Diophantine $D(n)$-quadruples in $\mathbb{Z}[\sqrt{4k + 2}]$ (2302.04145v2)

Abstract: Let $d$ be a square-free integer and $\mathbb{Z}[\sqrt{d}]$ a quadratic ring of integers. For a given $n\in\mathbb{Z}[\sqrt{d}]$, a set of $m$ non-zero distinct elements in $\mathbb{Z}[\sqrt{d}]$ is called a Diophantine $D(n)$-$m$-tuple (or simply $D(n)$-$m$-tuple) in $\mathbb{Z}[\sqrt{d}]$ if product of any two of them plus $n$ is a square in $\mathbb{Z}[\sqrt{d}]$. Assume that $d \equiv 2 \pmod 4$ is a positive integer such that $x^2 - dy^2 = -1$ and $x^2 - dy^2 = 6$ are solvable in integers.
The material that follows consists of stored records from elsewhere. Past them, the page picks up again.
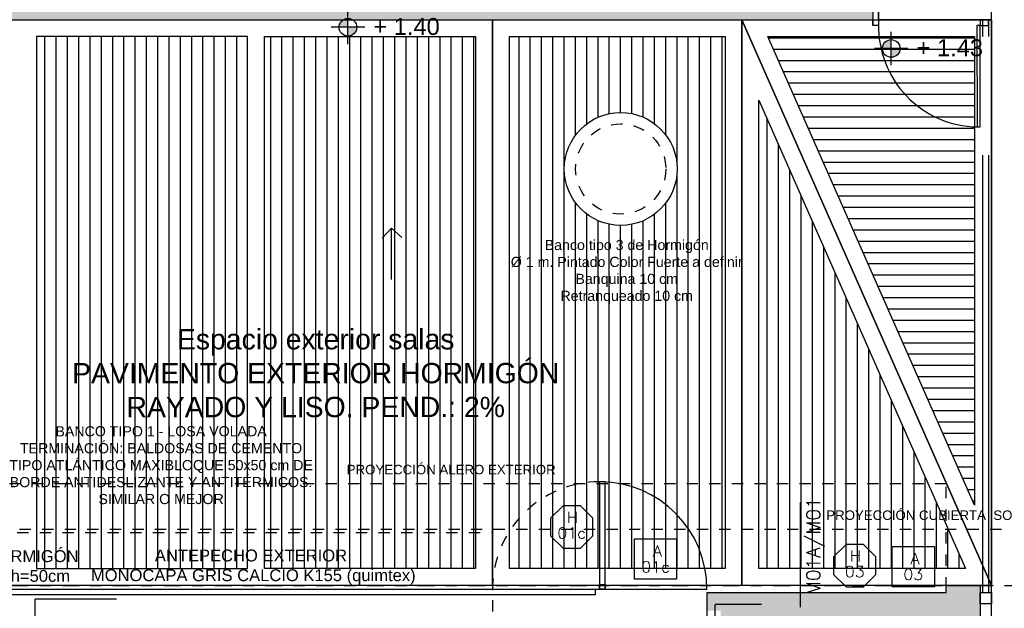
# Model space of a CAD drawing. Header units: metres. Extents: x -4243 to 4656, y 1445 to 4258.
# Tile 28 of 42: x 4487.58 to 4496.31, y 1582.67 to 1587.88. Entities that reach past the tile are written whole.
import ezdxf
from ezdxf.enums import TextEntityAlignment as Align

# ---------------------------------------------------------------- set-up
doc = ezdxf.new("R2010")
doc.units = ezdxf.units.M
doc.header["$LTSCALE"] = 0.3
doc.linetypes.add('DASHDOT', pattern=[1, 0.5, -0.25, 0, -0.25])
doc.linetypes.add('RAYITAS', pattern=[0.375, 0.25, -0.125])
for name, color, linetype in [('A EQUIPAMIENTO', 4, 'Continuous'), ('A HATCH MURO ALB', 252, 'Continuous'), ('A HERRERÍA', 4, 'Continuous'), ('A HORMIGON', 6, 'Continuous'), ('A MURO', 1, 'Continuous'), ('A MURO VISTO', 2, 'Continuous'), ('A PAVIMENTO', 253, 'Continuous'), ('A PROYECCION', 8, 'Continuous'), ('A PROYEECIÓN CUBIERTA', 242, 'Continuous'), ('A-ALBA-1', 1, 'Continuous'), ('LÍMITE PADRÓN_RETIROS', 241, 'Continuous'), ('MURO_CONTENCIÓN', 2, 'Continuous'), ('TXT', 3, 'Continuous'), ('TXT 1.100', 3, 'Continuous'), ('TXT COTA', 3, 'Continuous'), ('TXT PLANILLAS', 3, 'Continuous'), ('TXT TERMINACIONES', 3, 'Continuous')]:
    doc.layers.add(name, color=color, linetype=linetype)
doc.layers.add('A_PAVIMENTO EXT_', color=254, linetype='Continuous', lineweight=9)
doc.styles.add('arial', font='arial.ttf')
doc.styles.add('ROMANS', font='romans', dxfattribs={"height": 2})
doc.styles.add('TXT-ANOT', font='arial.ttf')
pattern_1 = [(90, (4464.30857, 1583.02022), (-0.1, 9e-17), [])]

# ---------------------------------------------------------------- blocks, each defined once
blk = doc.blocks.new('TIPOS_GRAL1')
at = {"color": 0, "linetype": 'ByBlock', "ltscale": 0.5}
blk.add_lwpolyline([(-0.287, -0.195), (0.287, -0.195), (0.287, 0.354), (-0.287, 0.354)], close=True, dxfattribs=at)
at = {"color": 0, "linetype": 'ByBlock', "style": 'ROMANS', "width": 1.1}
blk.add_text('A', height=0.15, dxfattribs=at).set_placement((-0.088, 0.112))
at = {"color": 0, "linetype": 'ByBlock', "style": 'ROMANS', "width": 1.05}
blk.add_attdef('NRO', text='', height=0.15, dxfattribs=at).set_placement((0, -0.027), align=Align.MIDDLE)
blk = doc.blocks.new('TIPOS_GRAL2')
at = {"color": 0, "linetype": 'ByBlock', "ltscale": 0.5}
blk.add_lwpolyline([(0, 0.344), (0.119, 0.344), (0.288, 0.175), (0.288, -0.064), (0.119, -0.233), (0, -0.233), (-0.119, -0.233), (-0.288, -0.064), (-0.288, 0.175), (-0.119, 0.344)], close=True, dxfattribs=at)
at = {"color": 0, "style": 'ROMANS', "width": 1.1}
blk.add_text('H', height=0.15, dxfattribs=at).set_placement((-0.088, 0.112))
at = {"color": 0, "linetype": 'ByBlock', "style": 'ROMANS', "width": 1.05}
blk.add_attdef('NRO', text='', height=0.15, dxfattribs=at).set_placement((0, -0.027), align=Align.MIDDLE)
blk = doc.blocks.new('*U518')
at = {"color": 0, "linetype": 'ByBlock'}
blk.add_lwpolyline([(-0.287, -0.195), (0.287, -0.195), (0.287, 0.354), (-0.287, 0.354)], close=True, dxfattribs=at)
at = {"color": 0, "linetype": 'ByBlock', "style": 'ROMANS', "width": 1.1}
blk.add_text('A', height=0.15, dxfattribs=at).set_placement((-0.088, 0.112))
at = {"color": 0, "linetype": 'ByBlock', "style": 'ROMANS', "width": 1.05}
blk.add_attdef('NRO', text='', height=0.15, dxfattribs=at).set_placement((0, -0.027), align=Align.MIDDLE)
blk = doc.blocks.new('*U519')
at = {"color": 0, "linetype": 'ByBlock', "ltscale": 0.1}
blk.add_lwpolyline([(0, 0.344), (0.119, 0.344), (0.288, 0.175), (0.288, -0.064), (0.119, -0.233), (0, -0.233), (-0.119, -0.233), (-0.288, -0.064), (-0.288, 0.175), (-0.119, 0.344)], close=True, dxfattribs=at)
at = {"color": 0, "style": 'ROMANS', "width": 1.1}
blk.add_text('H', height=0.15, dxfattribs=at).set_placement((-0.088, 0.112))
at = {"color": 0, "linetype": 'ByBlock', "style": 'ROMANS', "width": 1.05}
blk.add_attdef('NRO', text='', height=0.15, dxfattribs=at).set_placement((0, -0.027), align=Align.MIDDLE)
blk = doc.blocks.new('FLECHA')
at = {"layer": 'TXT', "ltscale": 0.3}
for points in [[(2941.5776, 1071.6587), (2941.5776, 1071.2022)], [(2941.4865, 1071.2857), (2941.5776, 1071.2022), (2941.6609, 1071.2931)]]:
    blk.add_lwpolyline(points, dxfattribs=at)
blk = doc.blocks.new('TIPO_MURO')
at = {"linetype": 'Continuous'}
blk.add_line((-1.161, 0), (0, 0), dxfattribs=at)
at = {"style": 'ROMANS', "oblique": 0.1745}
blk.add_attdef('M00', text='', height=0.15, dxfattribs=at).set_placement((-0.606, 0.22), align=Align.TOP_LEFT)
blk = doc.blocks.new('A$C4CB05E78')
at = {"layer": 'TXT PLANILLAS'}
ref = blk.add_blockref('TIPO_MURO', (20.1678, 9.8738), dxfattribs=dict(at, xscale=0.8, yscale=0.8, zscale=0.8, rotation=270))
ref.add_attrib('M00', 'M01A/M01', dxfattribs={"layer": '0', "height": 0.12, "rotation": 90, "style": 'ROMANS', "oblique": 0.17453}).set_placement((20.224, 10.8464), align=Align.TOP_RIGHT)
blk = doc.blocks.new('A$C255B2852')
at = {"layer": 'TXT TERMINACIONES', "char_height": 0.105, "attachment_point": 5, "style": 'TXT-ANOT'}
for s, width, insert in [('ANTEPECHO HORMIGÓN PREF. C/NARIZ h=50cm', 1.914802, (12.929, 10.403)), ('ANTEPECHO EXTERIOR\\P MONOCAPA GRIS CALCIO K155 (quimtex)', 3.890069, (15.3448, 10.3938))]:
    blk.add_mtext_dynamic_manual_height_columns(s, width=width, gutter_width=0.000625, heights=[0], dxfattribs=dict(at, insert=insert))
blk = doc.blocks.new('NIVEL')
h = blk.add_hatch(color=256)
h.paths.add_polyline_path([(0, 0.0782, 0.414214), (-0.0782, 0), (0, 0)])
h.paths.add_polyline_path([(0.0782, 0), (0, 0), (0, -0.0782, 0.414214)])
for p, q in [((0, -0.1483), (0, 0.1483)), ((0.1483, 0), (-0.1483, 0))]:
    blk.add_line(p, q)
blk.add_circle((0, 0), 0.0782)
at = {"style": 'arial'}
blk.add_attdef('NIVEL', (0.2249, -0.0682), '', height=0.15, dxfattribs=at)
blk = doc.blocks.new('Terreno aeroparque')
at = {"layer": 'LÍMITE PADRÓN_RETIROS', "linetype": 'DASHDOT'}
blk.add_lwpolyline([(-57.7191, -9.9997), (8.2605, -9.9997)], dxfattribs=at)

msp = doc.modelspace()

# ---------------------------------------------------------------- hatches: boundary and pattern name
at = {"layer": 'A HATCH MURO ALB'}
h = msp.add_hatch(color=256, dxfattribs=at)
h.dxf.hatch_style = 1
h.paths.add_polyline_path([(4495.79429, 1577.94908), (4495.81429, 1577.94908), (4495.81429, 1577.93908), (4496.09429, 1577.93908), (4496.09429, 1580.21275), (4495.79429, 1580.21275)])
h.paths.add_polyline_path([(4495.79429, 1580.21275), (4496.09429, 1580.21275), (4496.09429, 1581.22318), (4495.79429, 1581.22318)])
h.paths.add_polyline_path([(4495.79429, 1581.22318), (4496.09429, 1581.22318), (4496.09429, 1582.86953), (4495.79429, 1582.86953), (4495.79429, 1582.80922), (4495.25008, 1582.58922), (4495.79429, 1582.58922), (4495.79429, 1582.53922)])
h.paths.add_polyline_path([(4493.79429, 1582.64774), (4493.79429, 1582.58922), (4495.25008, 1582.58922), (4495.79429, 1582.80922), (4493.67425, 1582.80922), (4493.67425, 1582.64774)])
at = {"layer": 'A PAVIMENTO'}
h = msp.add_hatch(dxfattribs=at)
h.set_pattern_fill('_USER', color=256, scale=0.1, angle=-270, pattern_type=0)
h.set_pattern_definition(pattern_1)
h.paths.add_polyline_path([(4487.73362, 1583.01953), (4489.60359, 1583.01953), (4489.60359, 1587.73037), (4487.73362, 1587.73037)])
h = msp.add_hatch(dxfattribs=at)
h.set_pattern_fill('_USER', color=256, scale=0.1, angle=-270, pattern_type=0)
h.set_pattern_definition(pattern_1)
h.paths.add_polyline_path([(4489.75359, 1587.73037), (4491.62355, 1587.73037), (4491.62355, 1583.01953), (4489.75359, 1583.01953)])
h = msp.add_hatch(dxfattribs=at)
h.set_pattern_fill('_USER', color=256, scale=0.1, angle=-270, pattern_type=0)
h.set_pattern_definition(pattern_1)
h.paths.add_polyline_path([(4491.92355, 1587.73037), (4493.83392, 1587.73037), (4493.83392, 1583.01953), (4491.92355, 1583.01953)])
edge = h.paths.add_edge_path(flags=16)
edge.add_arc((4492.90997, 1586.55861), 0.5, 0, 360)
h = msp.add_hatch(dxfattribs=at)
h.set_pattern_fill('_USER', color=256, scale=0.1, pattern_type=0)
h.set_pattern_definition([(360, (4464.30857, 1583.02022), (1e-16, 0.1), [])])
h.paths.add_polyline_path([(4494.21404, 1587.73037), (4496.04429, 1587.73037), (4496.04429, 1583.58124)])
h = msp.add_hatch(dxfattribs=at)
h.set_pattern_fill('_USER', color=256, scale=0.1, angle=-270, pattern_type=0)
h.set_pattern_definition(pattern_1)
h.paths.add_polyline_path([(4494.13392, 1587.16867), (4495.96418, 1583.01953), (4494.13392, 1583.01953)])
at = {"layer": 'A_PAVIMENTO EXT_'}
h = msp.add_hatch(dxfattribs=at)
h.set_pattern_fill('AR-CONC', color=252, scale=0.004)
h.set_pattern_definition([(50, (-4e-07, -0.05155), (0.728738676, -0.06375634), [0.0762, -0.8382]), (355, (-4e-07, -0.05155), (-0.14097369, 0.76422738), [0.06096, -0.67056234]), (100.451445, (0.0607, -0.0569), (0.58776499, 0.70047101), [0.06476004, -0.71236098]), (46.1842, (-4e-07, 0.15165), (1.08431616, -0.16816931), [0.1143, -1.2573]), (96.635558, (0.0904, 0.1376), (0.94961654, 0.9897045), [0.0971401, -1.06854243]), (351.18415, (-4e-07, 0.1516), (0.94961654, 0.9897045), [0.09143987, -1.00583893]), (21, (0.1016, 0.10085), (0.606457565, -0.40906079), [0.0762, -0.8382]), (326, (0.1016, 0.10085), (0.24720811, 0.73675186), [0.06096, -0.67056]), (71.451445, (0.15214, 0.06676), (0.85366568, 0.32769108), [0.06476004, -0.71235975]), (37.5, (-4e-07, -0.05155), (0.012354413, 0.338220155), [0, -0.662432, 0, -0.68072, 0, -0.6731]), (7.5, (-4e-07, -0.05155), (0.26727865, 0.4007223), [0, -0.388112, 0, -0.647192, 0, -0.25654]), (327.5, (-0.22657, -0.05155), (0.54236238, -0.022914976), [0, -0.254, 0, -0.79248, 0, -1.05156]), (317.5, (-0.32817, -0.05155), (0.592516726, 0.101705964), [0, -0.3302, 0, -0.526288, 0, -0.74676])])
h.paths.add_polyline_path([(4496.09429, 1592.61769), (4462.48328, 1592.61769), (4462.48329, 1589.66294), (4462.13353, 1589.66294), (4462.13353, 1587.88037), (4466.83362, 1587.88037), (4466.83362, 1590.37486), (4466.62857, 1590.37486), (4466.62857, 1590.77486), (4473.09367, 1590.77486), (4473.09367, 1590.37061), (4472.87353, 1590.37486), (4472.87353, 1587.88037), (4495.14429, 1587.88037), (4495.14429, 1588.93037), (4496.09429, 1588.93037)])
h.paths.add_polyline_path([(4499.509, 1564.50869), (4485.37438, 1564.50869), (4485.37438, 1566.38925), (4462.0832, 1566.4408), (4462.0832, 1563.85423), (4499.65796, 1558.70844)])
h.paths.add_polyline_path([(4459.13117, 1591.51449), (4456.0512, 1591.51449), (4456.0512, 1593.93894), (4459.13117, 1593.93894)])
h.paths.add_polyline_path([(4456.20119, 1568.78922), (4458.9812, 1568.78922), (4458.9812, 1572.14516), (4458.68118, 1572.14516), (4458.6812, 1575.70266), (4458.98119, 1575.70266), (4458.98119, 1579.26016), (4458.68118, 1579.26016), (4458.6812, 1582.86922), (4458.98119, 1582.86922), (4458.9812, 1587.67882), (4456.20119, 1587.67882)])
h.paths.add_polyline_path([(4456.23049, 1568.48766), (4458.98119, 1568.48766), (4458.98119, 1567.88932), (4456.23049, 1567.88932)])

# ---------------------------------------------------------------- linework, layer by layer
at = {"layer": 'A EQUIPAMIENTO'}
msp.add_circle((4492.90997, 1586.55861), 0.5, dxfattribs=at)
at = {"layer": 'A EQUIPAMIENTO', "color": 251, "linetype": 'RAYITAS', "ltscale": 0.1}
msp.add_circle((4492.90997, 1586.55861), 0.4, dxfattribs=at)
at = {"layer": 'A HERRERÍA'}
for points in [[(4496.11934, 1588.93037), (4495.14429, 1588.93037), (4495.14429, 1587.83037)], [(4496.11934, 1588.88037), (4495.19429, 1588.88037), (4495.19429, 1587.83037)], [(4496.11934, 1587.73037), (4496.11934, 1587.88037)], [(4496.16934, 1587.88037), (4496.16934, 1587.73037)], [(4496.11934, 1582.80922), (4496.11934, 1586.68037)], [(4496.16934, 1586.68037), (4496.16934, 1582.80922)]]:
    msp.add_lwpolyline(points, dxfattribs=at)
for points in [[(4495.19429, 1587.88037), (4495.19429, 1587.83037), (4495.14429, 1587.83037), (4495.14429, 1587.88037)], [(4496.06629, 1587.83037), (4496.06644, 1586.93036), (4496.09445, 1586.93037), (4496.09429, 1587.83037)], [(4496.16934, 1587.83037), (4496.16934, 1587.88037), (4496.09429, 1587.88037), (4496.09429, 1587.83037)], [(4492.72252, 1582.83922), (4492.7723, 1582.83922), (4492.7723, 1583.78918), (4492.72252, 1583.78918)], [(4492.68271, 1582.78921), (4484.6545, 1582.78921), (4484.6545, 1582.83921), (4492.68271, 1582.83921)], [(4492.7723, 1582.83922), (4492.72252, 1582.83922), (4492.72252, 1582.87901), (4492.7723, 1582.87901)]]:
    msp.add_lwpolyline(points, close=True, dxfattribs=at)
for centre, radius, start, end in [((4496.08535, 1587.82145), 0.89129, 178.684572, 268.784828), ((4492.7236, 1582.83922), 0.95001, 359.698597, 89.396762)]:
    msp.add_arc(centre, radius, start, end, dxfattribs=at)
at = {"layer": 'A HERRERÍA', "color": 8, "linetype": 'RAYITAS'}
msp.add_arc((4492.7236, 1582.83924), 0.94994, 90.060249, 181.50942, dxfattribs=at)
at = {"layer": 'A HORMIGON'}
msp.add_lwpolyline([(4496.09429, 1582.70921), (4496.09429, 1582.80922), (4496.19429, 1582.80922), (4496.19429, 1582.70921)], close=True, dxfattribs=at)
at = {"layer": 'A MURO'}
msp.add_lwpolyline([(4493.67425, 1582.53922), (4493.67425, 1582.80922), (4495.79429, 1582.80922), (4495.79429, 1582.86953), (4496.09429, 1582.86953), (4496.09429, 1577.93908), (4495.81429, 1577.93908), (4495.81429, 1577.94908), (4495.79429, 1577.94908), (4495.79429, 1582.53922), (4493.67425, 1582.53922)], dxfattribs=at)
at = {"layer": 'A MURO VISTO', "linetype": 'RAYITAS'}
msp.add_lwpolyline([(4485.56365, 1582.53922), (4485.56365, 1583.33921), (4491.77355, 1583.33921), (4491.77355, 1582.53949)], dxfattribs=at)
at = {"layer": 'A PAVIMENTO'}
msp.add_line((4462.0832, 1587.88037), (4496.19429, 1587.88037), dxfattribs=at)
for points in [[(4493.98392, 1587.88037), (4496.19429, 1587.88037), (4496.19429, 1582.86953)], [(4487.73362, 1583.01953), (4489.60359, 1583.01953), (4489.60359, 1587.73037), (4487.73362, 1587.73037)], [(4489.75359, 1587.73037), (4491.62355, 1587.73037), (4491.62355, 1583.01953), (4489.75359, 1583.01953)], [(4491.92355, 1587.73037), (4493.83392, 1587.73037), (4493.83392, 1583.01953), (4491.92355, 1583.01953)], [(4494.21404, 1587.73037), (4496.04429, 1587.73037), (4496.04429, 1583.58124)], [(4494.13392, 1587.16867), (4495.96418, 1583.01953), (4494.13392, 1583.01953)]]:
    msp.add_lwpolyline(points, close=True, dxfattribs=at)
msp.add_lwpolyline([(4492.68271, 1582.83921), (4493.67361, 1582.83932)], dxfattribs=at)
at = {"layer": 'A PROYECCION'}
msp.add_lwpolyline([(4496.19429, 1588.88037), (4495.19429, 1588.88037), (4495.19429, 1587.88037), (4496.19429, 1587.88037)], close=True, dxfattribs=at)
for points in [[(4496.19429, 1587.88037), (4495.19429, 1587.88037)], [(4496.19429, 1587.88037), (4495.19429, 1587.88037)], [(4496.19429, 1587.88037), (4496.19429, 1587.04037)]]:
    msp.add_lwpolyline(points, dxfattribs=at)
at = {"layer": 'A PROYEECIÓN CUBIERTA', "linetype": 'RAYITAS'}
for points in [[(4495.79435, 1582.84357), (4495.79423, 1583.76953), (4462.38353, 1583.76953), (4462.38353, 1582.86921)], [(4496.39429, 1583.36921), (4496.39429, 1571.95095), (4493.81427, 1571.95095), (4493.81427, 1568.33925), (4481.11624, 1568.33925), (4481.11624, 1571.33922), (4472.51904, 1571.33922), (4472.51904, 1568.33925), (4462.88353, 1568.33925), (4462.87445, 1572.19672), (4461.7833, 1572.19672), (4461.7833, 1583.36921), (4496.39429, 1583.36921)]]:
    msp.add_lwpolyline(points, dxfattribs=at)
at = {"layer": 'A-ALBA-1'}
for points in [[(4462.0833, 1587.87998), (4466.83362, 1587.87998), (4466.83362, 1590.37486), (4472.87353, 1590.37486), (4472.87353, 1587.88037), (4496.19429, 1587.88037), (4496.19429, 1582.86953), (4462.0833, 1582.86921)], [(4485.56365, 1587.88037), (4491.77355, 1587.88037), (4491.77355, 1582.86953), (4485.56365, 1582.86953)], [(4491.77355, 1587.88037), (4493.98392, 1587.88037), (4493.98392, 1582.86953), (4491.77355, 1582.86953)], [(4493.98392, 1587.88037), (4496.19429, 1582.86953), (4493.98392, 1582.86953)]]:
    msp.add_lwpolyline(points, close=True, dxfattribs=at)
at = {"layer": 'A_PAVIMENTO EXT_', "color": 242, "true_color": 0xcd2027}
msp.add_line((4491.77355, 1587.88037), (4496.19429, 1587.88037), dxfattribs=at)
at = {"layer": 'MURO_CONTENCIÓN'}
msp.add_lwpolyline([(4495.09429, 1569.5208), (4496.19429, 1569.5208), (4496.19429, 1569.5208), (4496.19429, 1587.88037), (4495.19429, 1587.88037), (4495.19429, 1588.93037), (4496.19429, 1588.93037), (4496.19429, 1592.66924)], dxfattribs=at)
at = {"layer": 'TXT'}
for p, q in [((4487.72161, 1582.59957), (4487.72161, 1582.74899)), ((4488.44347, 1582.74899), (4487.72161, 1582.74899)), ((4493.74514, 1582.55337), (4493.74514, 1582.7028)), ((4494.15763, 1582.7028), (4493.74514, 1582.7028))]:
    msp.add_line(p, q, dxfattribs=at)

# ---------------------------------------------------------------- block references
msp.add_blockref('Terreno aeroparque', (4498.87958, 1592.86924))
at = {"layer": 'A HERRERÍA'}
msp.add_blockref('A$C4CB05E78', (4474.33197, 1572.80412), dxfattribs=at)
at = {"layer": 'A HERRERÍA', "rotation": 359.9999999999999}
msp.add_blockref('A$C255B2852', (4474.28904, 1572.63922), dxfattribs=at)
at = {"layer": 'TXT 1.100'}
for p, values in [((4490.49314, 1587.81347), {'NIVEL': '+ 1.40'}), ((4495.3064, 1587.62544), {'NIVEL': '+ 1.43'})]:
    msp.add_blockref('NIVEL', p, dxfattribs=at).add_auto_attribs(values)
at = {"layer": 'TXT COTA', "rotation": 179.9999999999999}
msp.add_blockref('FLECHA', (7432.45633, 2657.2377), dxfattribs=at)
at = {"layer": 'TXT PLANILLAS'}
ref = msp.add_blockref('*U519', (4492.47573, 1583.35269), dxfattribs=dict(at, xscale=-0.65, yscale=0.65, zscale=0.65))
ref.add_attrib('NRO', '01c', dxfattribs={"layer": '0', "color": 0, "linetype": 'ByBlock', "height": 0.0975, "style": 'ROMANS', "width": 1.05}).set_placement((4492.47573, 1583.33508), align=Align.MIDDLE)
ref = msp.add_blockref('*U518', (4493.21859, 1583.05325), dxfattribs=dict(at, xscale=-0.65, yscale=0.65, zscale=0.65))
ref.add_attrib('NRO', '01c', dxfattribs={"layer": '0', "color": 0, "linetype": 'ByBlock', "height": 0.0975, "style": 'ROMANS', "width": 1.05}).set_placement((4493.21859, 1583.03564), align=Align.MIDDLE)
at = {"layer": 'TXT PLANILLAS', "color": 3, "lineweight": 0}
ref = msp.add_blockref('TIPOS_GRAL2', (4494.98346, 1583.01077), dxfattribs=dict(at, xscale=-0.65, yscale=0.65, zscale=0.65))
ref.add_attrib('NRO', '03', dxfattribs={"layer": '0', "color": 0, "linetype": 'ByBlock', "height": 0.0975, "style": 'ROMANS', "width": 1.05}).set_placement((4494.98346, 1582.99316), align=Align.MIDDLE)
at = {"layer": 'TXT PLANILLAS', "color": 3, "lineweight": 0, "extrusion": (0, 0, -1)}
ref = msp.add_blockref('TIPOS_GRAL1', (-4495.50189, 1582.98635), dxfattribs=dict(at, xscale=0.65, yscale=0.65, zscale=-0.65))
ref.add_attrib('NRO', '03', dxfattribs={"layer": '0', "color": 0, "linetype": 'ByBlock', "ltscale": 0.5, "height": 0.0975, "rotation": 180, "style": 'ROMANS', "text_generation_flag": 6, "width": 1.05}).set_placement((4495.50189, 1582.96875), align=Align.MIDDLE)

# ---------------------------------------------------------------- texts
at = {"layer": 'TXT', "ltscale": 0.3, "attachment_point": 5, "rotation": 0.011622, "style": 'TXT-ANOT'}
for s, insert, char_height, width in [('Banco tipo 3 de Hormigón \\P%%C 1 m. Pintado Color Fuerte a definir\\PBanquina 10 cm\\PRetranqueado 10 cm', (4492.96291, 1585.64716), 0.09, 2.8316274), ('Espacio exterior salas\\PPAVIMENTO EXTERIOR HORMIGÓN RAYADO Y LISO. PEND.: 2%', (4490.20743, 1584.74964), 0.18, 4.6069722), ('\\pt2.4;BANCO TIPO 1 - LOSA VOLADA\\P\\ptz;TERMINACIÓN: BALDOSAS DE CEMENTO\\PTIPO ATLÁNTICO MAXIBLOQUE 50x50 cm DE BORDE ANTIDESLIZANTE Y ANTITÉRMICOS. SIMILAR O MEJOR', (4488.83743, 1583.93547), 0.09, 2.8316274)]:
    msp.add_mtext(s, dxfattribs=dict(at, insert=insert, char_height=char_height, width=width))
at = {"layer": 'TXT TERMINACIONES', "char_height": 0.105, "attachment_point": 5, "style": 'TXT-ANOT'}
for s, insert in [('{\\H0.8x;PROYECCIÓN ALERO EXTERIOR}', (4491.40788, 1583.89638)), ('{\\H0.8x;PROYECCIÓN CUBIERTA ISOPANEL}', (4495.74816, 1583.49245))]:
    msp.add_mtext_dynamic_manual_height_columns(s, width=2.9745119, gutter_width=0.000625, heights=[0], dxfattribs=dict(at, insert=insert))

doc.saveas('drawing.dxf')

In this paper, we prove the existence of infinitely many $D(n)$-quadruples in $\mathbb{Z}[\sqrt{d}]$ for $n = 4m + 4k\sqrt{d}$ with $m, k \in \mathbb{Z}$ satisfying $m \not\equiv 5 \pmod{6}$ and $k \not\equiv 3 \pmod{6}$. Moreover, we prove the same for $n = (4m + 2) + 4k\sqrt{d}$ when either $m \not\equiv 9 \pmod{12}$ and $k \not\equiv 3 \pmod{6}$, or $m \not\equiv 0 \pmod{12}$ and $k \not\equiv 0 \pmod{6}$. At the end, some examples supporting the existence of quadruples in $\mathbb{Z}[\sqrt{d}]$ with the property $D(n)$ for the above exceptional $n$'s are provided for $d = 10$.